Topical Anti-Protease Treatment
There are several options to achieve this, including plasma extracted from your horse’s blood or topical EDTA (an anti-protease mixed with horses’ blood).
In severe cases, several different anti-protease treatments are used.
The key to successful medical management is frequent drug administration, in severe cases, hourly. When treating a horse’s eye this frequently they can become resentful and head shy, so placement of a Sub-Palpebral-Lavage-System (SPLS) may be needed. This allows delivery of treatments into the eye via a tube attached to the mane. The catheters are inserted through the eyelid under sedation, and desensitisation with anaesthetic.
In the most severe cases of ulceration, and especially with melting ulcers and descemetocoeles, or if the medical therapy fails, surgical treatment may be necessary. The latest surgical treatments include conjunctival pedicle grafts, where a piece of conjunctiva is used to cover the ulcer, following removal of the infected cornea by surgical keratectomy, or repair of the defect using pieces of amniotic membrane. Previously 3rd eyelid or conjunctival flaps were performed, where the 3rd eyelid was sutured across the ulcer to protect and to provide a blood supply. These are rarely performed now as it does not allow corneal examination, and the newer techniques are more successful.

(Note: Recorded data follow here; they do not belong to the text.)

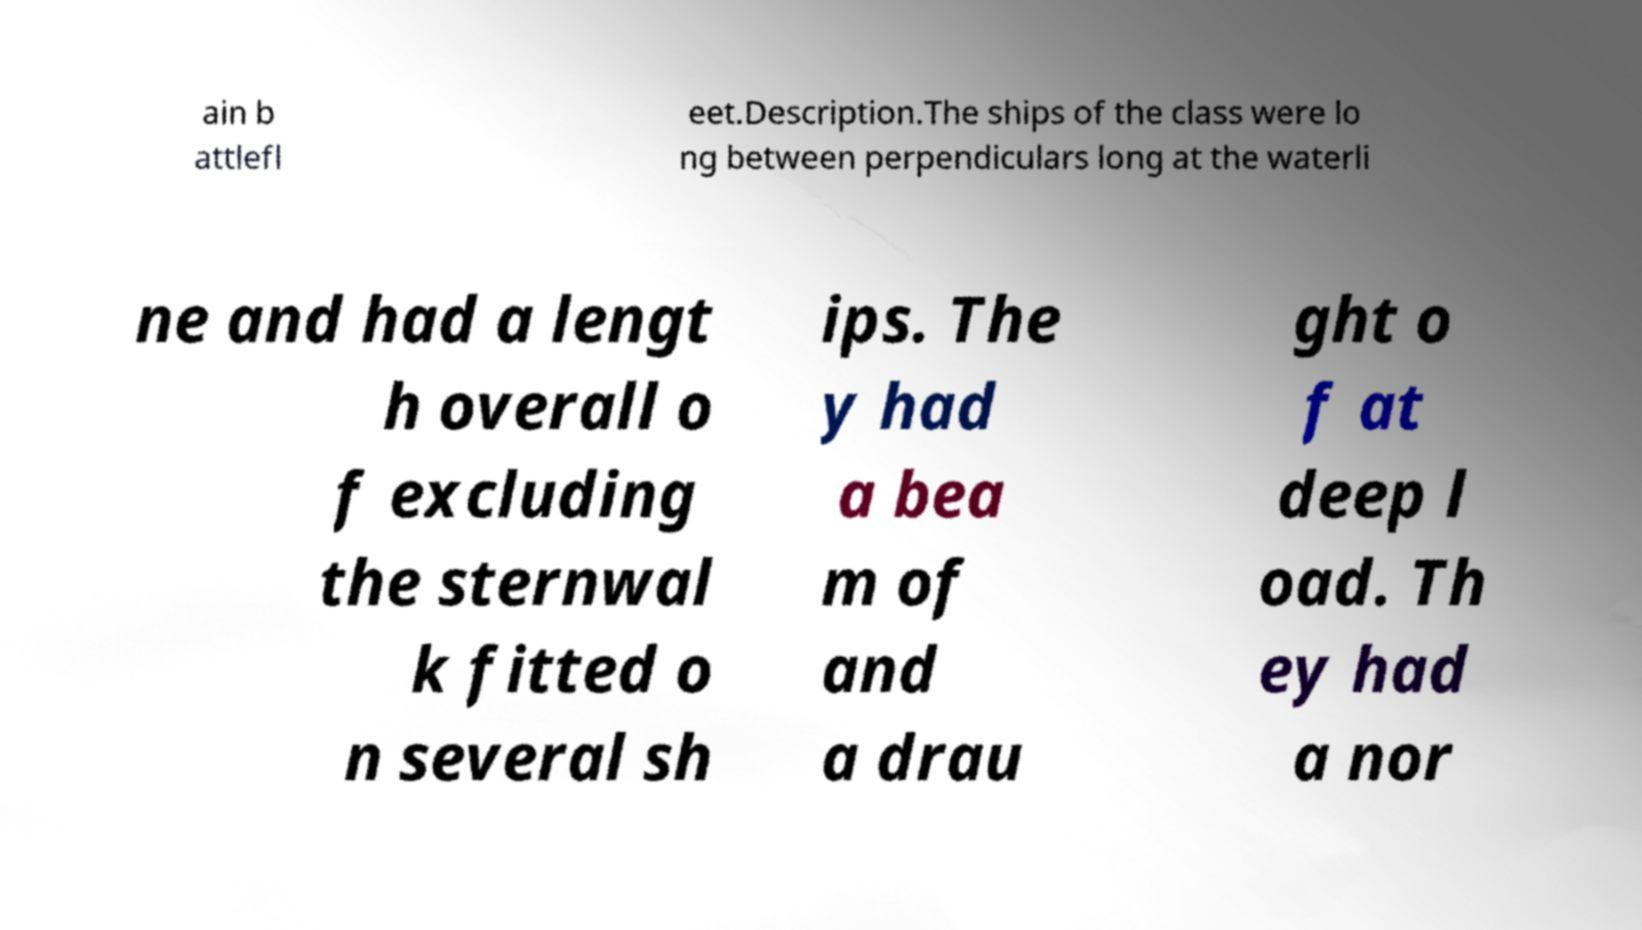Please identify and transcribe the text found in this image. ain b attlefl eet.Description.The ships of the class were lo ng between perpendiculars long at the waterli ne and had a lengt h overall o f excluding the sternwal k fitted o n several sh ips. The y had a bea m of and a drau ght o f at deep l oad. Th ey had a nor 
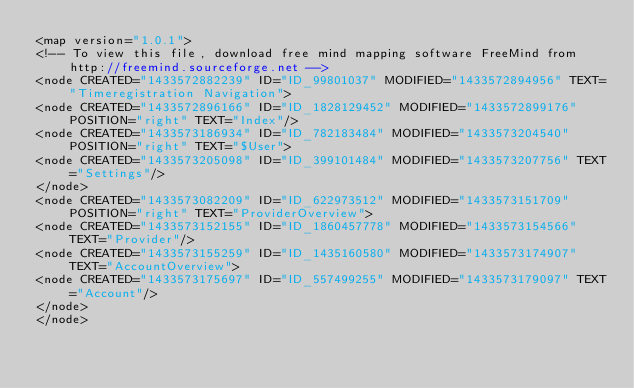Convert code to text. <code><loc_0><loc_0><loc_500><loc_500><_ObjectiveC_><map version="1.0.1">
<!-- To view this file, download free mind mapping software FreeMind from http://freemind.sourceforge.net -->
<node CREATED="1433572882239" ID="ID_99801037" MODIFIED="1433572894956" TEXT="Timeregistration Navigation">
<node CREATED="1433572896166" ID="ID_1828129452" MODIFIED="1433572899176" POSITION="right" TEXT="Index"/>
<node CREATED="1433573186934" ID="ID_782183484" MODIFIED="1433573204540" POSITION="right" TEXT="$User">
<node CREATED="1433573205098" ID="ID_399101484" MODIFIED="1433573207756" TEXT="Settings"/>
</node>
<node CREATED="1433573082209" ID="ID_622973512" MODIFIED="1433573151709" POSITION="right" TEXT="ProviderOverview">
<node CREATED="1433573152155" ID="ID_1860457778" MODIFIED="1433573154566" TEXT="Provider"/>
<node CREATED="1433573155259" ID="ID_1435160580" MODIFIED="1433573174907" TEXT="AccountOverview">
<node CREATED="1433573175697" ID="ID_557499255" MODIFIED="1433573179097" TEXT="Account"/>
</node>
</node></code> 
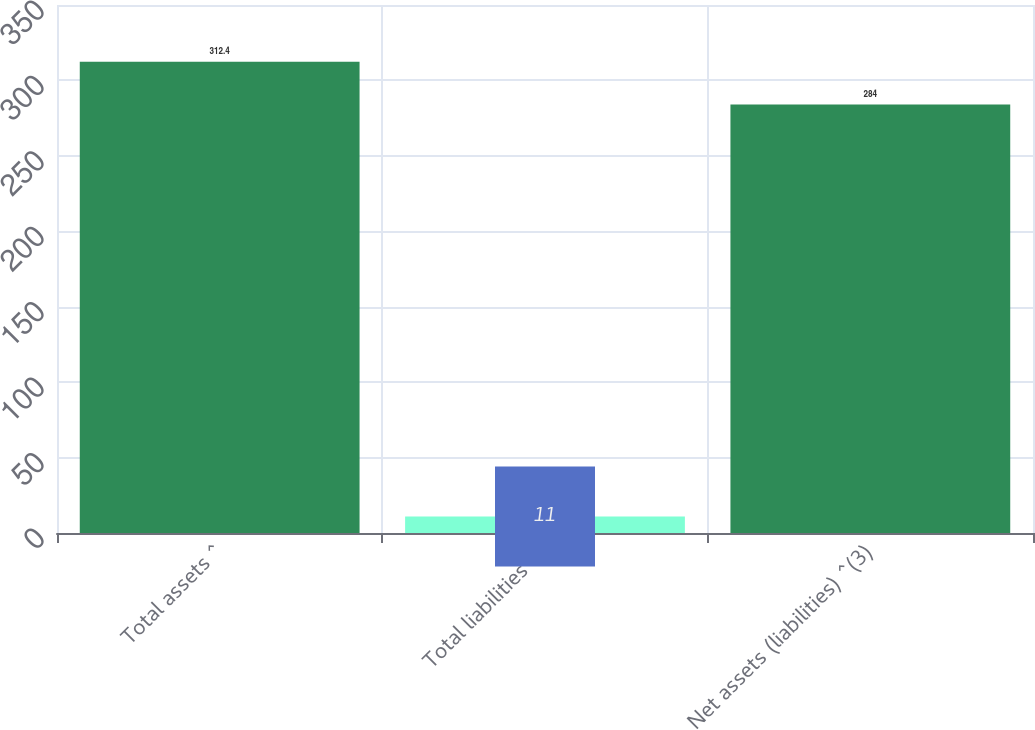Convert chart. <chart><loc_0><loc_0><loc_500><loc_500><bar_chart><fcel>Total assets ^<fcel>Total liabilities^ ^<fcel>Net assets (liabilities) ^(3)<nl><fcel>312.4<fcel>11<fcel>284<nl></chart> 
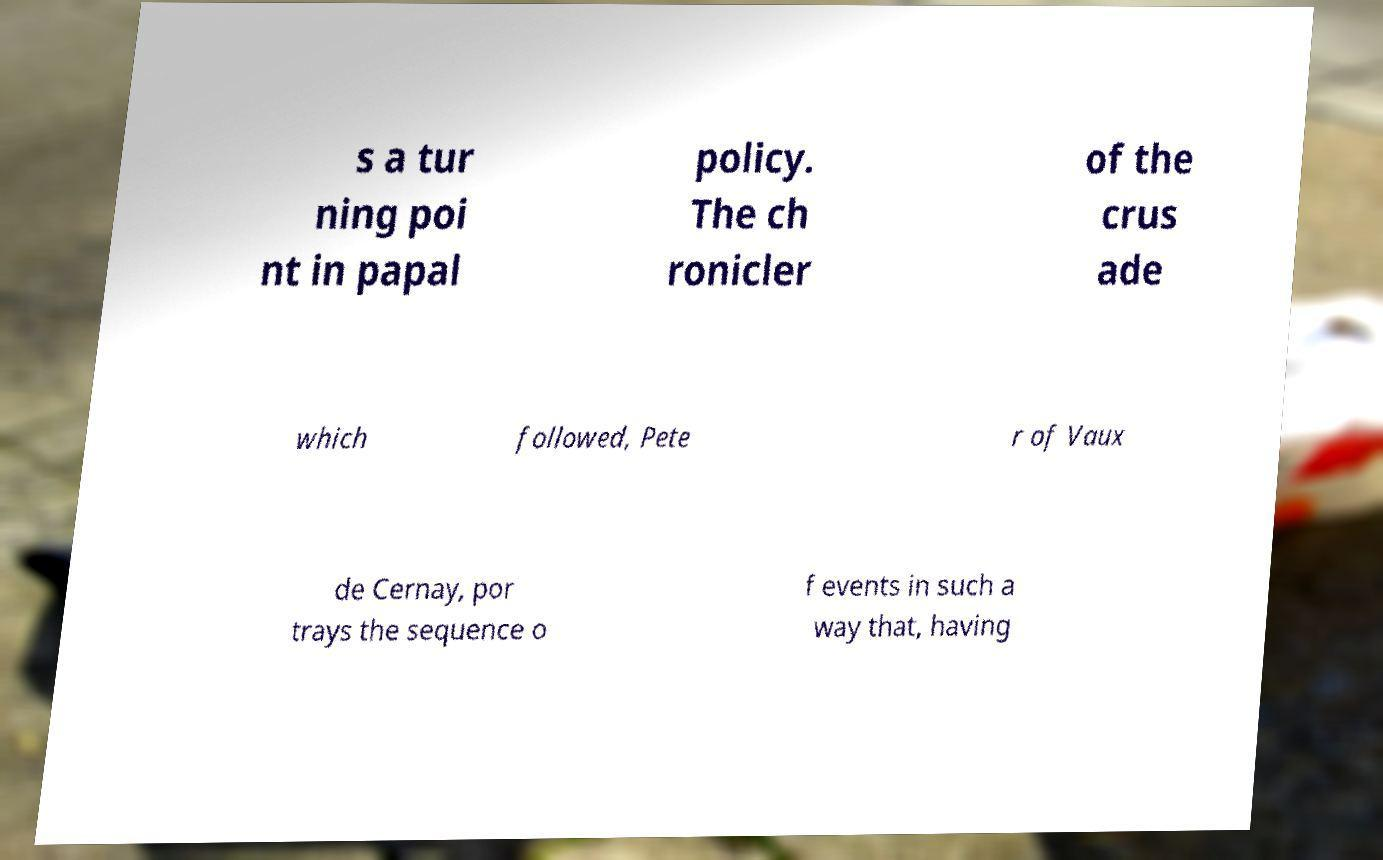Can you accurately transcribe the text from the provided image for me? s a tur ning poi nt in papal policy. The ch ronicler of the crus ade which followed, Pete r of Vaux de Cernay, por trays the sequence o f events in such a way that, having

In the initial stages of managing a corneal ulcer, your vet will want to re-examine your horse’s eye regularly to ensure treatment is working and there are no complications. This is vital, as any complications must be dealt with to ensure a positive outcome.
Uncomplicated corneal ulcers heal quickly, leaving minor scarring. New corneal epithelium migrates inwards from the ulcer edge at a rate of approximately 1mm/day. A 10mm diameter ulcer therefore heals in 5 days (as migration occurs from all edges). If healing has not occurred within the expected time frame, then there may be a problem. Potential reasons for slow healing are numerous including old age, immunosuppression (Cushing’s Disease) and other infections. Of these fungal infections are most concerning with a fungal keratitis’ appearing very similar to a bacterial keratitis. Fungal keratitis is however, less common than bacterial keratitis, and is often associated with previous topical steroid use. However, either can cause rapid loss of vision. Immediate aggressive diagnostics and treatment are again critical with corneal scraping for cytology and culture, and possibly biopsy required for precise diagnosis. Other causes for healing failure include viral infection, foreign body, underlying ocular disease, and epithelial dystrophy. While rarely reported, equine herpesvirus has been documented to cause keratitis. Slit lamp biomicroscopy assists with detection of small foreign bodies. Nearly any intraocular disease, such as uveitis and glaucoma, has detrimental effects on the cornea and can cause an ulcer to become refractory to treatment. Lastly, epithelial dystrophy will cause an ulcer to be refractory. This type of ulcer usually has a rim of non-adherent epithelium at its periphery, and the eye may be relatively comfortable. Electron microscopy has shown this condition is due to basement membrane abnormalities in humans and dogs with the same probably true in other species. This condition requires surgical intervention. A multiple punctate or grid keratotomy can be done standing, and is about 80% successful. The success of surgical keratectomy approaches 100%, and is used in the event that simpler procedures fail.